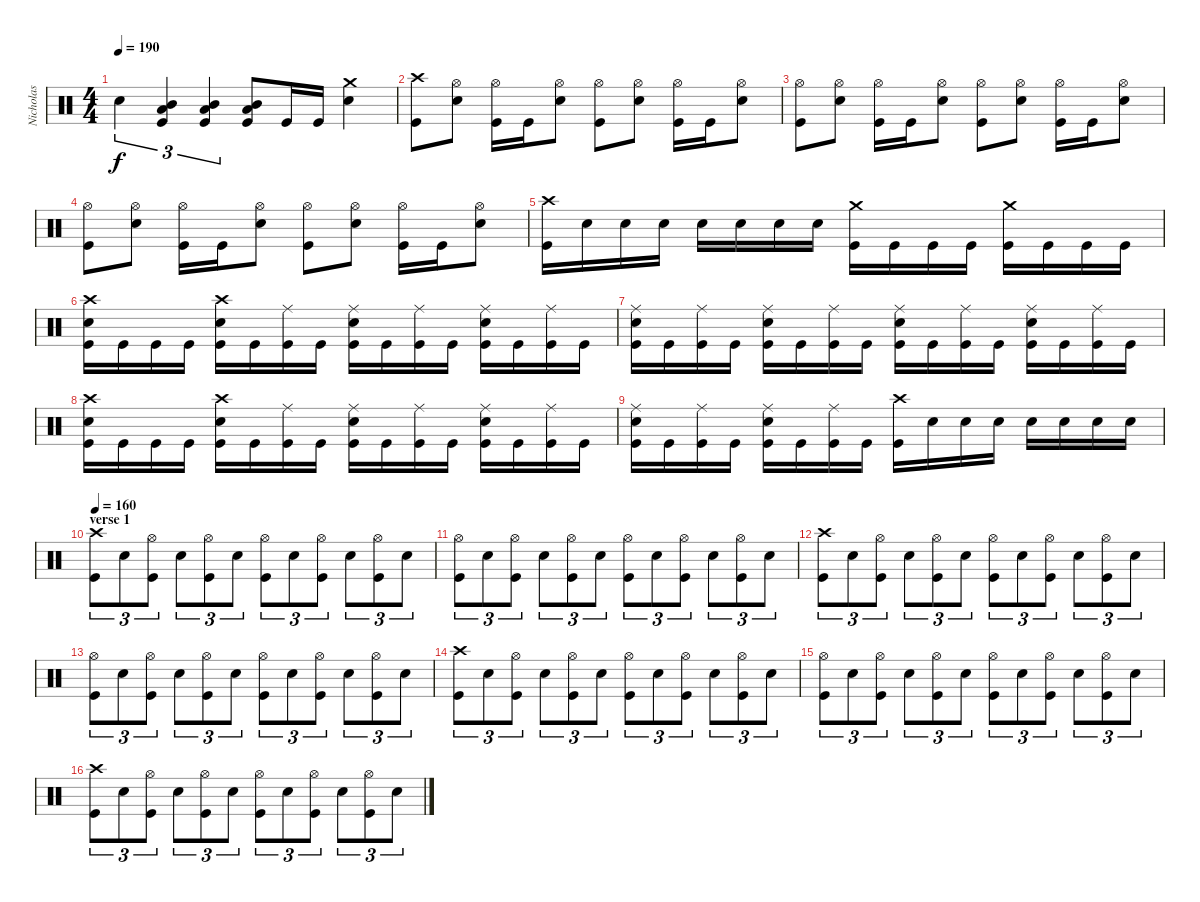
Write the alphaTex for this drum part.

\track ("Nicholas" "Nicholas") {instrument percussion}
\staff {score}
\articulation defaults
\ts (4 4)
\tempo 190
\clef neutral
\ks c "Electric Snare (hit)".4{tu (3 2) dy f}
("Mid Tom (hit)" "Low Tom (hit)" "Kick (hit)").4{tu (3 2)} ("Mid Tom (hit)" "Low Tom (hit)" "Kick (hit)").4{tu (3 2)} ("Mid Tom (hit)" "Low Tom (hit)" "Kick (hit)").8 "Kick (hit)".16 "Kick (hit)".16 ("Crash medium (hit)" "Electric Snare (hit)").4 |
("Crash high (hit)" "Kick (hit)").8 ("Hi-Hat (open)" "Electric Snare (hit)").8 ("Hi-Hat (open)" "Kick (hit)").16 "Kick (hit)".16 ("Hi-Hat (open)" "Electric Snare (hit)").8 ("Hi-Hat (open)" "Kick (hit)").8 ("Hi-Hat (open)" "Electric Snare (hit)").8 ("Hi-Hat (open)" "Kick (hit)").16 "Kick (hit)".16 ("Hi-Hat (open)" "Electric Snare (hit)").8 |
("Hi-Hat (open)" "Kick (hit)").8 ("Hi-Hat (open)" "Electric Snare (hit)").8 ("Hi-Hat (open)" "Kick (hit)").16 "Kick (hit)".16 ("Hi-Hat (open)" "Electric Snare (hit)").8 ("Hi-Hat (open)" "Kick (hit)").8 ("Hi-Hat (open)" "Electric Snare (hit)").8 ("Hi-Hat (open)" "Kick (hit)").16 "Kick (hit)".16 ("Hi-Hat (open)" "Electric Snare (hit)").8 |
("Hi-Hat (open)" "Kick (hit)").8 ("Hi-Hat (open)" "Electric Snare (hit)").8 ("Hi-Hat (open)" "Kick (hit)").16 "Kick (hit)".16 ("Hi-Hat (open)" "Electric Snare (hit)").8 ("Hi-Hat (open)" "Kick (hit)").8 ("Hi-Hat (open)" "Electric Snare (hit)").8 ("Hi-Hat (open)" "Kick (hit)").16 "Kick (hit)".16 ("Hi-Hat (open)" "Electric Snare (hit)").8 |
("Crash high (hit)" "Kick (hit)").16 "Electric Snare (hit)".16 "Electric Snare (hit)".16 "Electric Snare (hit)".16 "Electric Snare (hit)".16 "Electric Snare (hit)".16 "Electric Snare (hit)".16 "Electric Snare (hit)".16 ("Crash medium (hit)" "Kick (hit)").16 "Kick (hit)".16 "Kick (hit)".16 "Kick (hit)".16 ("Crash medium (hit)" "Kick (hit)").16 "Kick (hit)".16 "Kick (hit)".16 "Kick (hit)".16 |
("Crash high (hit)" "Electric Snare (hit)" "Kick (hit)").16 "Kick (hit)".16 "Kick (hit)".16 "Kick (hit)".16 ("Crash high (hit)" "Electric Snare (hit)" "Kick (hit)").16 "Kick (hit)".16 ("Ride (middle)" "Kick (hit)").16 "Kick (hit)".16 ("Ride (middle)" "Electric Snare (hit)" "Kick (hit)").16 "Kick (hit)".16 ("Ride (middle)" "Kick (hit)").16 "Kick (hit)".16 ("Ride (middle)" "Electric Snare (hit)" "Kick (hit)").16 "Kick (hit)".16 ("Ride (middle)" "Kick (hit)").16 "Kick (hit)".16 |
("Ride (middle)" "Electric Snare (hit)" "Kick (hit)").16 "Kick (hit)".16 ("Ride (middle)" "Kick (hit)").16 "Kick (hit)".16 ("Ride (middle)" "Electric Snare (hit)" "Kick (hit)").16 "Kick (hit)".16 ("Ride (middle)" "Kick (hit)").16 "Kick (hit)".16 ("Ride (middle)" "Electric Snare (hit)" "Kick (hit)").16 "Kick (hit)".16 ("Ride (middle)" "Kick (hit)").16 "Kick (hit)".16 ("Ride (middle)" "Electric Snare (hit)" "Kick (hit)").16 "Kick (hit)".16 ("Ride (middle)" "Kick (hit)").16 "Kick (hit)".16 |
("Crash high (hit)" "Electric Snare (hit)" "Kick (hit)").16 "Kick (hit)".16 "Kick (hit)".16 "Kick (hit)".16 ("Crash high (hit)" "Electric Snare (hit)" "Kick (hit)").16 "Kick (hit)".16 ("Ride (middle)" "Kick (hit)").16 "Kick (hit)".16 ("Ride (middle)" "Electric Snare (hit)" "Kick (hit)").16 "Kick (hit)".16 ("Ride (middle)" "Kick (hit)").16 "Kick (hit)".16 ("Ride (middle)" "Electric Snare (hit)" "Kick (hit)").16 "Kick (hit)".16 ("Ride (middle)" "Kick (hit)").16 "Kick (hit)".16 |
("Ride (middle)" "Electric Snare (hit)" "Kick (hit)").16 "Kick (hit)".16 ("Ride (middle)" "Kick (hit)").16 "Kick (hit)".16 ("Ride (middle)" "Electric Snare (hit)" "Kick (hit)").16 "Kick (hit)".16 ("Ride (middle)" "Kick (hit)").16 "Kick (hit)".16 ("Crash high (hit)" "Kick (hit)").16 "Electric Snare (hit)".16 "Electric Snare (hit)".16 "Electric Snare (hit)".16 "Electric Snare (hit)".16 "Electric Snare (hit)".16 "Electric Snare (hit)".16 "Electric Snare (hit)".16 |
\section ("" "verse 1 ")
\tempo 160
("Crash high (hit)" "Kick (hit)").8{tu (3 2)} "Electric Snare (hit)".8{tu (3 2)} ("Hi-Hat (open)" "Kick (hit)").8{tu (3 2)} "Electric Snare (hit)".8{tu (3 2)} ("Hi-Hat (open)" "Kick (hit)").8{tu (3 2)} "Electric Snare (hit)".8{tu (3 2)} ("Hi-Hat (open)" "Kick (hit)").8{tu (3 2)} "Electric Snare (hit)".8{tu (3 2)} ("Hi-Hat (open)" "Kick (hit)").8{tu (3 2)} "Electric Snare (hit)".8{tu (3 2)} ("Hi-Hat (open)" "Kick (hit)").8{tu (3 2)} "Electric Snare (hit)".8{tu (3 2)} |
("Hi-Hat (open)" "Kick (hit)").8{tu (3 2)} "Electric Snare (hit)".8{tu (3 2)} ("Hi-Hat (open)" "Kick (hit)").8{tu (3 2)} "Electric Snare (hit)".8{tu (3 2)} ("Hi-Hat (open)" "Kick (hit)").8{tu (3 2)} "Electric Snare (hit)".8{tu (3 2)} ("Hi-Hat (open)" "Kick (hit)").8{tu (3 2)} "Electric Snare (hit)".8{tu (3 2)} ("Hi-Hat (open)" "Kick (hit)").8{tu (3 2)} "Electric Snare (hit)".8{tu (3 2)} ("Hi-Hat (open)" "Kick (hit)").8{tu (3 2)} "Electric Snare (hit)".8{tu (3 2)} |
("Crash high (hit)" "Kick (hit)").8{tu (3 2)} "Electric Snare (hit)".8{tu (3 2)} ("Hi-Hat (open)" "Kick (hit)").8{tu (3 2)} "Electric Snare (hit)".8{tu (3 2)} ("Hi-Hat (open)" "Kick (hit)").8{tu (3 2)} "Electric Snare (hit)".8{tu (3 2)} ("Hi-Hat (open)" "Kick (hit)").8{tu (3 2)} "Electric Snare (hit)".8{tu (3 2)} ("Hi-Hat (open)" "Kick (hit)").8{tu (3 2)} "Electric Snare (hit)".8{tu (3 2)} ("Hi-Hat (open)" "Kick (hit)").8{tu (3 2)} "Electric Snare (hit)".8{tu (3 2)} |
("Hi-Hat (open)" "Kick (hit)").8{tu (3 2)} "Electric Snare (hit)".8{tu (3 2)} ("Hi-Hat (open)" "Kick (hit)").8{tu (3 2)} "Electric Snare (hit)".8{tu (3 2)} ("Hi-Hat (open)" "Kick (hit)").8{tu (3 2)} "Electric Snare (hit)".8{tu (3 2)} ("Hi-Hat (open)" "Kick (hit)").8{tu (3 2)} "Electric Snare (hit)".8{tu (3 2)} ("Hi-Hat (open)" "Kick (hit)").8{tu (3 2)} "Electric Snare (hit)".8{tu (3 2)} ("Hi-Hat (open)" "Kick (hit)").8{tu (3 2)} "Electric Snare (hit)".8{tu (3 2)} |
("Crash high (hit)" "Kick (hit)").8{tu (3 2)} "Electric Snare (hit)".8{tu (3 2)} ("Hi-Hat (open)" "Kick (hit)").8{tu (3 2)} "Electric Snare (hit)".8{tu (3 2)} ("Hi-Hat (open)" "Kick (hit)").8{tu (3 2)} "Electric Snare (hit)".8{tu (3 2)} ("Hi-Hat (open)" "Kick (hit)").8{tu (3 2)} "Electric Snare (hit)".8{tu (3 2)} ("Hi-Hat (open)" "Kick (hit)").8{tu (3 2)} "Electric Snare (hit)".8{tu (3 2)} ("Hi-Hat (open)" "Kick (hit)").8{tu (3 2)} "Electric Snare (hit)".8{tu (3 2)} |
("Hi-Hat (open)" "Kick (hit)").8{tu (3 2)} "Electric Snare (hit)".8{tu (3 2)} ("Hi-Hat (open)" "Kick (hit)").8{tu (3 2)} "Electric Snare (hit)".8{tu (3 2)} ("Hi-Hat (open)" "Kick (hit)").8{tu (3 2)} "Electric Snare (hit)".8{tu (3 2)} ("Hi-Hat (open)" "Kick (hit)").8{tu (3 2)} "Electric Snare (hit)".8{tu (3 2)} ("Hi-Hat (open)" "Kick (hit)").8{tu (3 2)} "Electric Snare (hit)".8{tu (3 2)} ("Hi-Hat (open)" "Kick (hit)").8{tu (3 2)} "Electric Snare (hit)".8{tu (3 2)} |
("Crash high (hit)" "Kick (hit)").8{tu (3 2)} "Electric Snare (hit)".8{tu (3 2)} ("Hi-Hat (open)" "Kick (hit)").8{tu (3 2)} "Electric Snare (hit)".8{tu (3 2)} ("Hi-Hat (open)" "Kick (hit)").8{tu (3 2)} "Electric Snare (hit)".8{tu (3 2)} ("Hi-Hat (open)" "Kick (hit)").8{tu (3 2)} "Electric Snare (hit)".8{tu (3 2)} ("Hi-Hat (open)" "Kick (hit)").8{tu (3 2)} "Electric Snare (hit)".8{tu (3 2)} ("Hi-Hat (open)" "Kick (hit)").8{tu (3 2)} "Electric Snare (hit)".8{tu (3 2)}

========================================================================

# Task instructions
Look over the records above and say, with no extra words, how many lines include "medium".

# Response
2